* **Work required**: Among the entries below, only the lines from the one with "<formula> <loc_0><loc_0><loc_500><loc_500>S _" through the one with "A F = \frac" are wanted, reproduced exactly. Pictures are not wanted.

* **The data**:

--- START ---

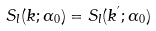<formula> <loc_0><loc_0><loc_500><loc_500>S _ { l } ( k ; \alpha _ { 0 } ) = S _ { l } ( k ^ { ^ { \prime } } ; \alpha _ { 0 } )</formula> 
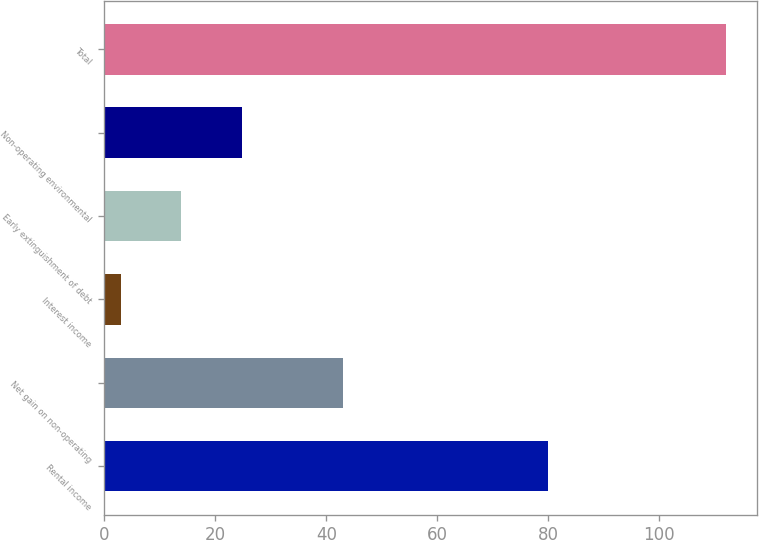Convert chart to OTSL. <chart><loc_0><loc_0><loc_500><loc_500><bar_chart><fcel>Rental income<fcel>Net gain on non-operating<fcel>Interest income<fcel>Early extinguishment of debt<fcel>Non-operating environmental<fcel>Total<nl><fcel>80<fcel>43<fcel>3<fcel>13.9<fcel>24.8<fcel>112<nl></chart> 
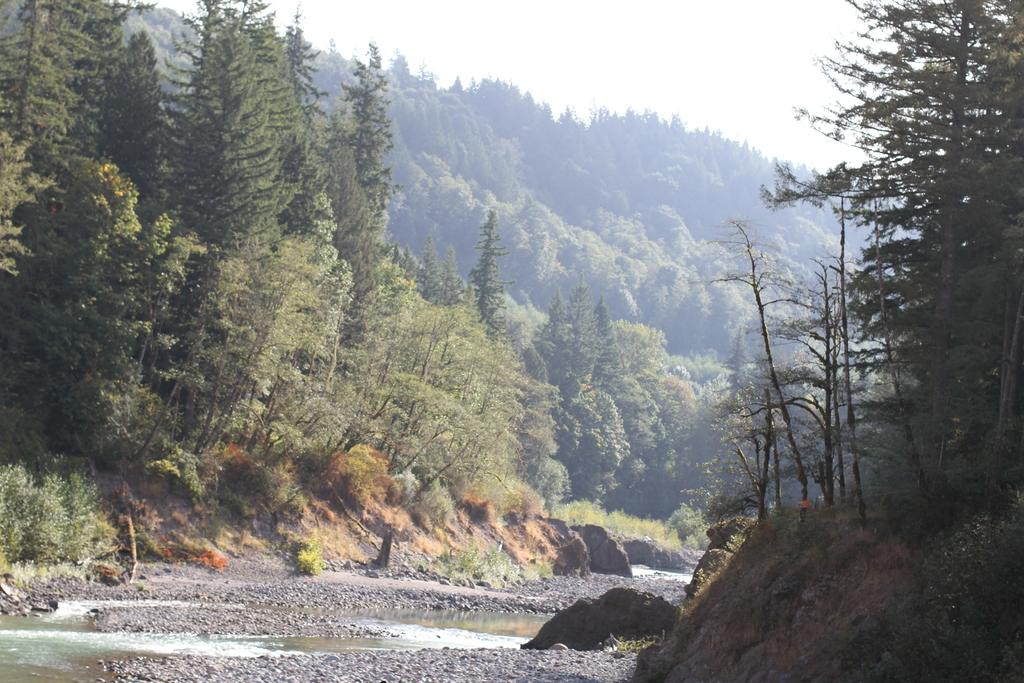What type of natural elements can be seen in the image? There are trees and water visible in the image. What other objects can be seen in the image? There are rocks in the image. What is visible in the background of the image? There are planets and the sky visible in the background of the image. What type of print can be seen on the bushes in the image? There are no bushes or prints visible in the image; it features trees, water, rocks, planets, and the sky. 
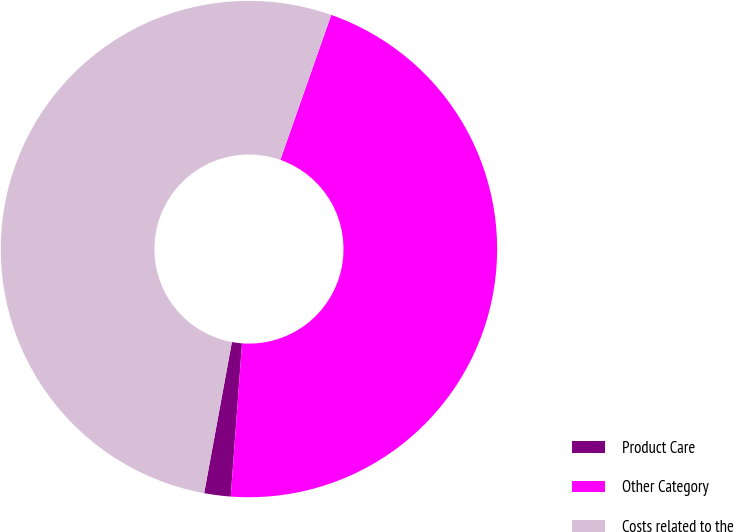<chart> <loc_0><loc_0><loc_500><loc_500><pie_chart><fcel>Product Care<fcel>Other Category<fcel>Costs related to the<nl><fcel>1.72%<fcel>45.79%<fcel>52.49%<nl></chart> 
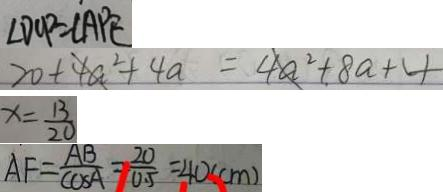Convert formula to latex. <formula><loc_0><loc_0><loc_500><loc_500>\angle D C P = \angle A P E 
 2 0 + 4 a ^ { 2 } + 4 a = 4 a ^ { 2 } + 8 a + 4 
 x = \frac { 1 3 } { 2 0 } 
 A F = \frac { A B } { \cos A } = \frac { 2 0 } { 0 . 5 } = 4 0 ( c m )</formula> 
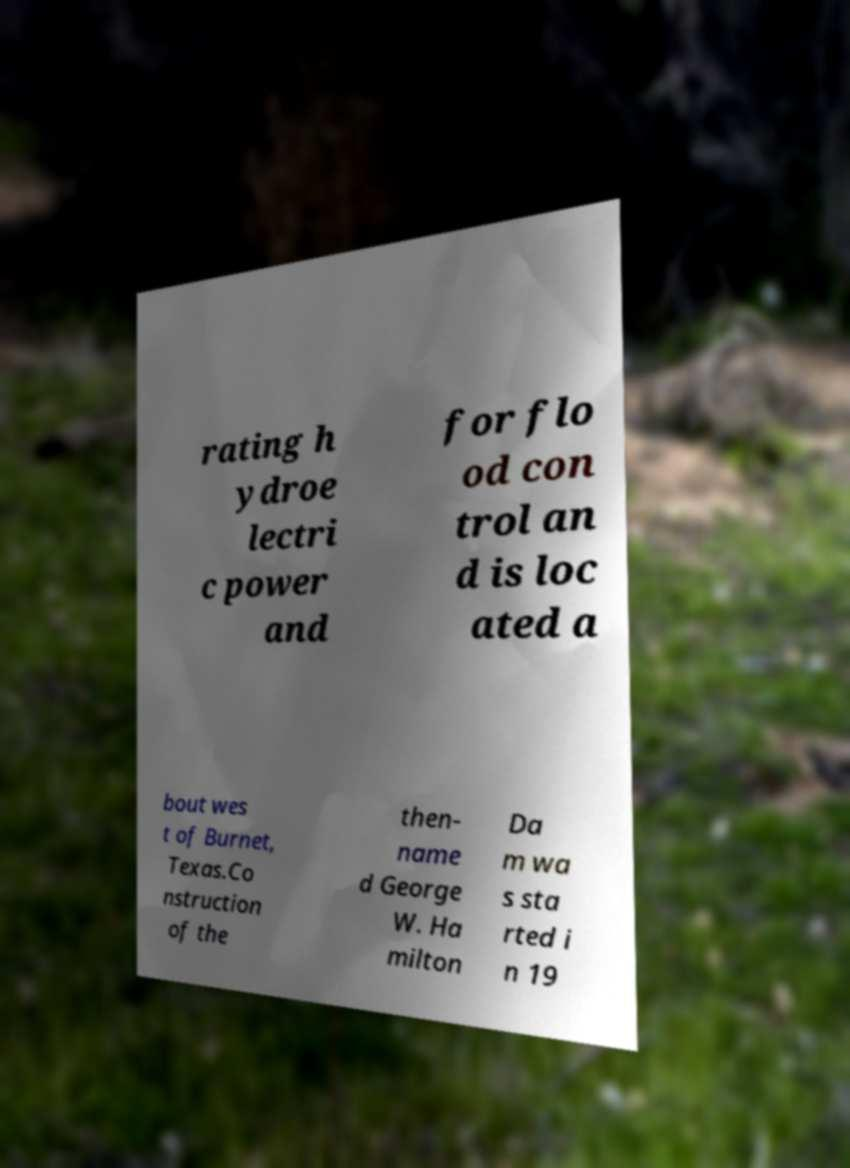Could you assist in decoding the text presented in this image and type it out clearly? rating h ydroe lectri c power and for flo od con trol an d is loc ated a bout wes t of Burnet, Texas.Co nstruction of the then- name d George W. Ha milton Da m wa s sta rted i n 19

--- END ---
--- START ---

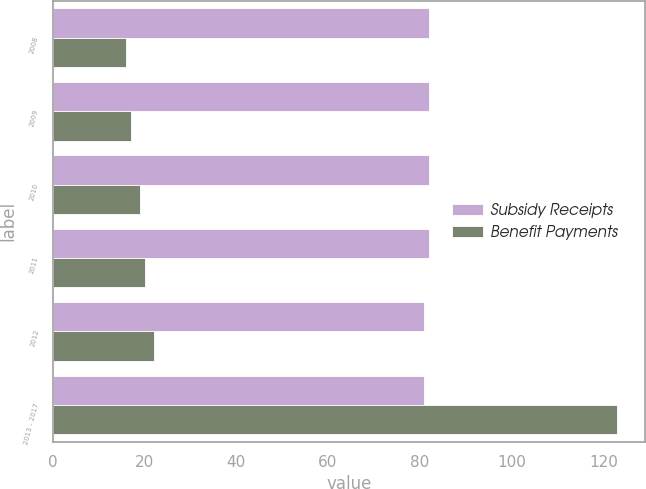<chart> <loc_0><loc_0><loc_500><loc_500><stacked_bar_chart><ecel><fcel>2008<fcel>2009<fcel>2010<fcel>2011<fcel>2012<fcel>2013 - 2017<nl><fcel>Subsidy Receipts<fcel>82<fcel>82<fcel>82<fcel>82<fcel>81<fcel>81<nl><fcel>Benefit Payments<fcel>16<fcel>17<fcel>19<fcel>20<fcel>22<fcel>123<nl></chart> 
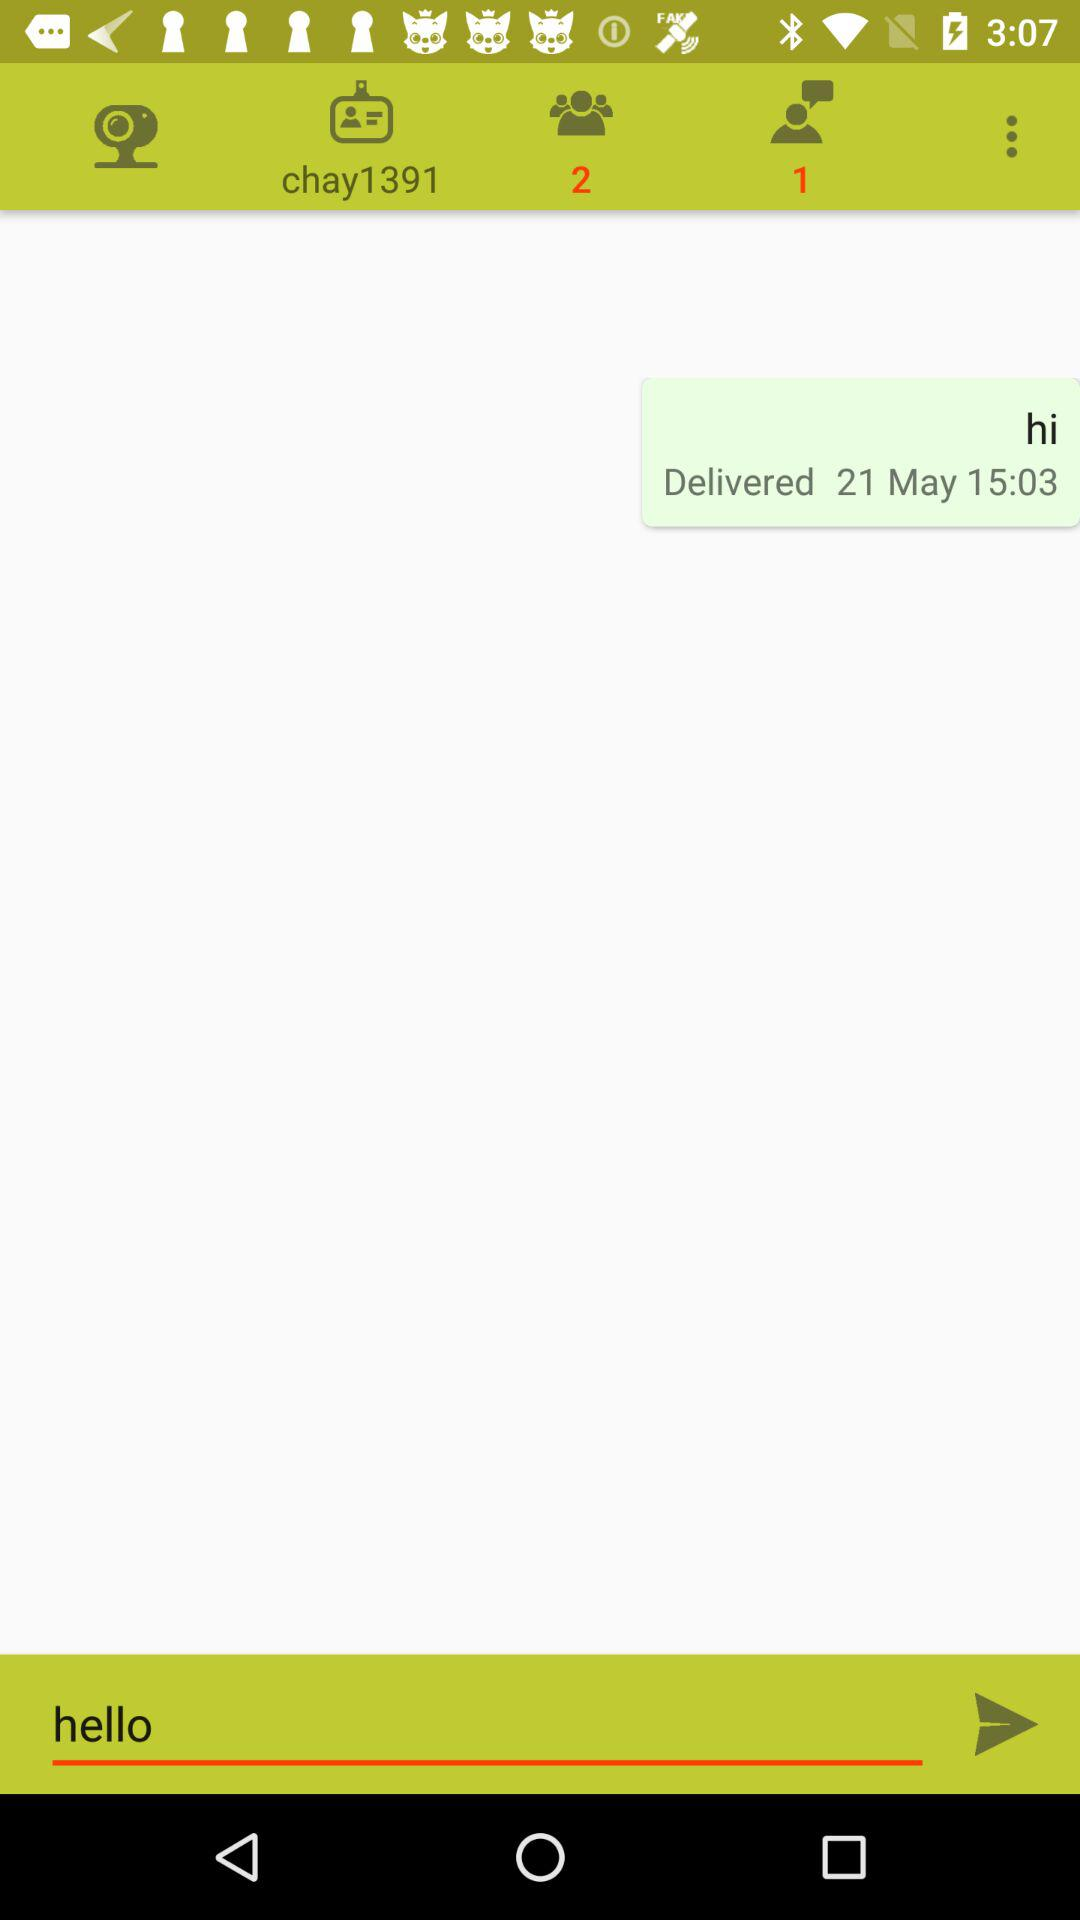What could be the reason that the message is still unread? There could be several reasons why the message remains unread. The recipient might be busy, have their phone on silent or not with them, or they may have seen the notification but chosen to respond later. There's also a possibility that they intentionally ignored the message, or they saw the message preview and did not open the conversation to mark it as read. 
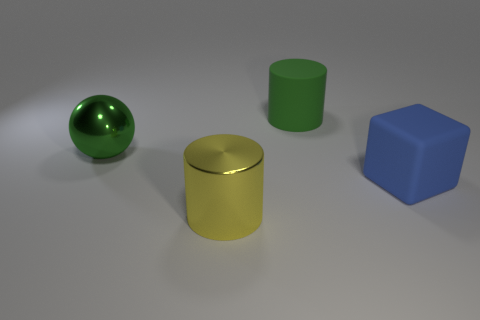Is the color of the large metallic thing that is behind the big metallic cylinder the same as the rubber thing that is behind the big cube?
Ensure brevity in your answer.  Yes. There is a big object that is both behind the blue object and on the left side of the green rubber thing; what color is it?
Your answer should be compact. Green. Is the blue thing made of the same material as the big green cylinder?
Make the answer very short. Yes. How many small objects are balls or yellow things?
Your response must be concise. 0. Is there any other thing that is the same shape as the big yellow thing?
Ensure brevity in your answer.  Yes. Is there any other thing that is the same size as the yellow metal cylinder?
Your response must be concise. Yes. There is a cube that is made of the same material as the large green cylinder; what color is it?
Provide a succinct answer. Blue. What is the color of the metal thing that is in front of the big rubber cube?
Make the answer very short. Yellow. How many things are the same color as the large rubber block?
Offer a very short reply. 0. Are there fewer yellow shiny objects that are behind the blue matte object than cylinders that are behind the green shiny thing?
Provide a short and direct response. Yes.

--- END ---

* **Task output**:
<formula> <loc_0><loc_0><loc_500><loc_500>S _ { l } ( k ; \alpha _ { 0 } ) = S _ { l } ( k ^ { ^ { \prime } } ; \alpha _ { 0 } )</formula> 
Convert chart to OTSL. <chart><loc_0><loc_0><loc_500><loc_500><bar_chart><fcel>Rental income<fcel>Net gain on non-operating<fcel>Interest income<fcel>Early extinguishment of debt<fcel>Non-operating environmental<fcel>Total<nl><fcel>80<fcel>43<fcel>3<fcel>13.9<fcel>24.8<fcel>112<nl></chart> 
What type of natural elements can be seen in the image? There are trees and water visible in the image. What other objects can be seen in the image? There are rocks in the image. What is visible in the background of the image? There are planets and the sky visible in the background of the image. What type of print can be seen on the bushes in the image? There are no bushes or prints visible in the image; it features trees, water, rocks, planets, and the sky. 
<chart> <loc_0><loc_0><loc_500><loc_500><pie_chart><fcel>Product Care<fcel>Other Category<fcel>Costs related to the<nl><fcel>1.72%<fcel>45.79%<fcel>52.49%<nl></chart> 
Convert formula to latex. <formula><loc_0><loc_0><loc_500><loc_500>\angle D C P = \angle A P E 
 2 0 + 4 a ^ { 2 } + 4 a = 4 a ^ { 2 } + 8 a + 4 
 x = \frac { 1 3 } { 2 0 } 
 A F = \frac { A B } { \cos A } = \frac { 2 0 } { 0 . 5 } = 4 0 ( c m )</formula> 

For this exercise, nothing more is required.